Image Credit: Prasanta Kr Dutta | Unsplash
So, would I recommend the Bromo-Ijen combo? Well, I think the views are famous for a reason. When the clouds part and the light hits just right, Bromo looks like it was painted into the landscape, and Ijen’s crater lake glows an otherworldly turquoise that’s hard to believe even when you’re staring right at it. It’s beautiful. Surreal, even.
But if you’re mainly chasing the perfect photo, it’s worth planning your trip around the dry season (typically June to September) for the best odds of clear skies and blue flames. And come prepared with the right equipment. A proper jacket or just proper layers would have saved me from a lot of shivering and self-pity.
That said, there’s something about doing this trip slightly underprepared, half-asleep, and unsure of your limits that makes the experience stick. If you’re curious about what happens when you push yourself, this might just be your kind of adventure.
Hiking, I’ve come to realise, isn’t something I love because I’m a masochist or particularly disciplined. I’m not. I’m not someone who thrives in pain or who pushes through suffering just for fun. But hiking is one of the few things in life where you can’t give up halfway. When you’re halfway up a mountain, the only way is up. Or down. Either way, you keep moving. And when you do reach the top and look back at the route you just survived, something shifts.

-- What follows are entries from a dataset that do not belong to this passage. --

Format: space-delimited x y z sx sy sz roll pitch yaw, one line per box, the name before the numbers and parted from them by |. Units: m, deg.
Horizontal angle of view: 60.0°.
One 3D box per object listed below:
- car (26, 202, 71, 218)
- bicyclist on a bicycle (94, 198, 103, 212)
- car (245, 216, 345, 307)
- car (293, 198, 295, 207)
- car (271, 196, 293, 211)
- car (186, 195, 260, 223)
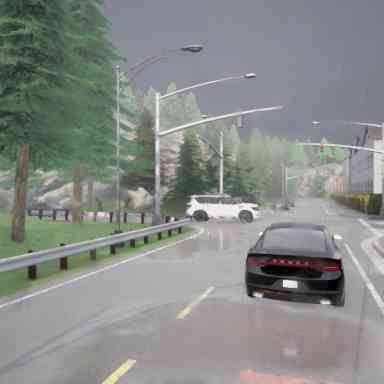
car | -13.030 1.579 30.081 4.181 1.385 1.994 0 0 20
bicyclist on a bicycle | -10.275 1.416 36.595 0.582 1.620 1.656 -2 5 20
car | 2.603 1.478 8.205 1.882 1.535 5.008 0 0 20
car | 14.521 1.352 50.721 2.097 1.767 4.553 0 0 21
car | 11.087 1.491 41.551 2.128 1.511 4.902 0 0 20
car | 2.294 1.230 25.041 5.566 2.045 2.150 0 0 9
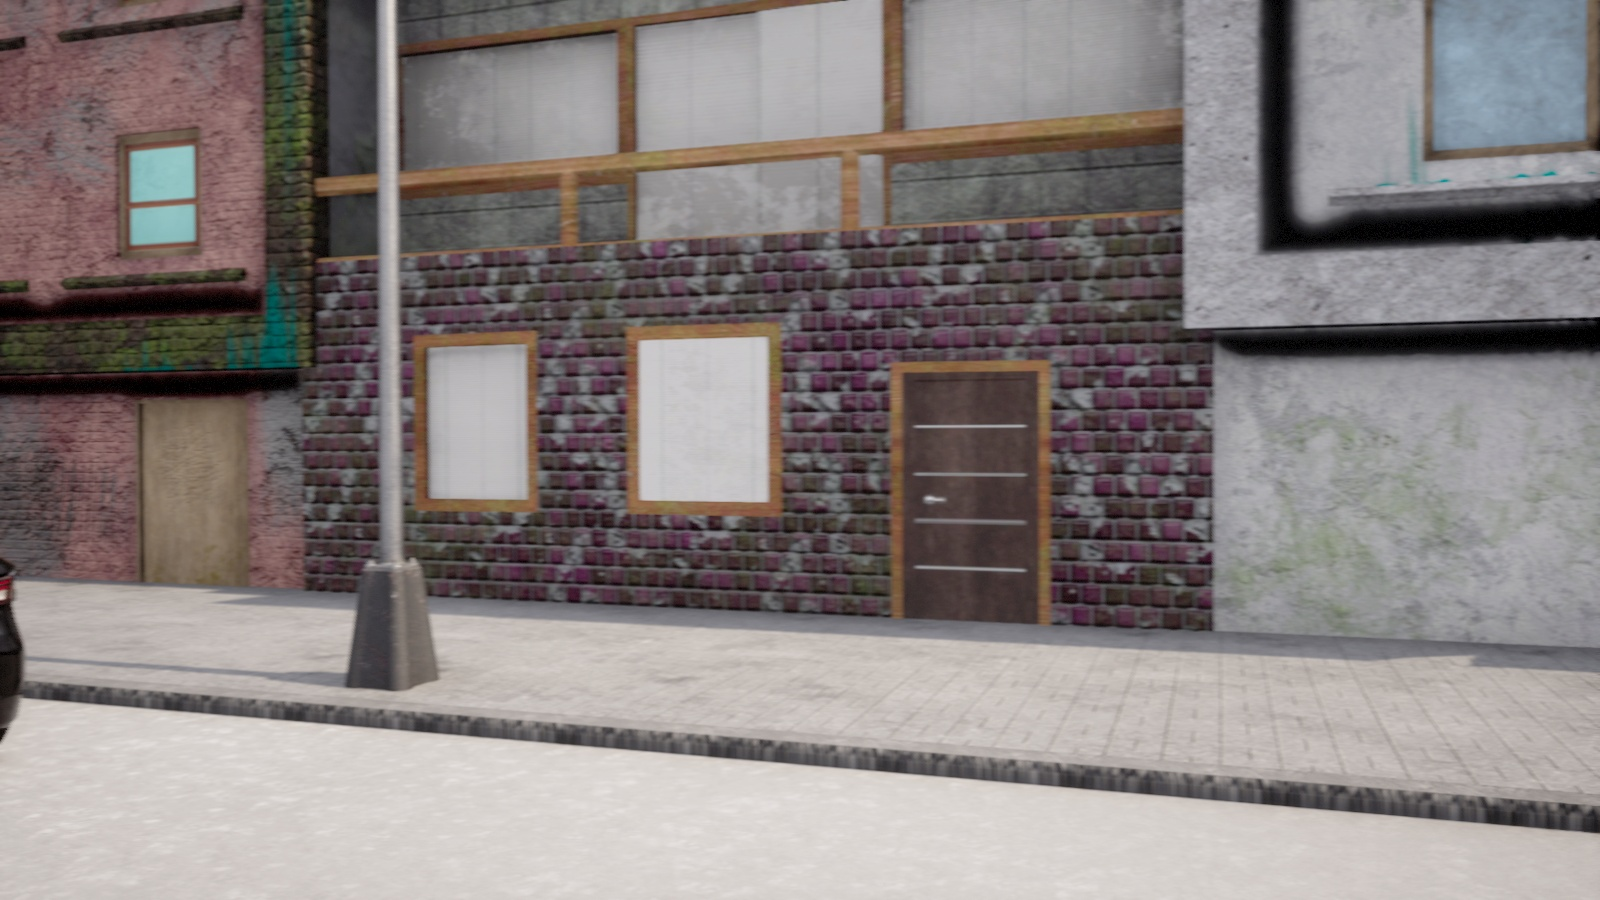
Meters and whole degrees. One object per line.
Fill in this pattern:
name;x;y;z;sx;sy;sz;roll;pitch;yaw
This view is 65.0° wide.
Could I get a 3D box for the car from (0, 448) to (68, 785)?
car;-5.676;0.728;5.628;4.193;1.474;1.816;0;1;19

For me, the reward isn’t the view. It’s the act of proving myself wrong. There’s something quite exhilarating about realising I did something I never thought I could do, and in the process of such an experience, I can feel a fundamental shift in my self-perception as well. It makes me feel like I can face things that would have made me quake in my boots with a little bit more assuredness and a little more belief that I can get through this.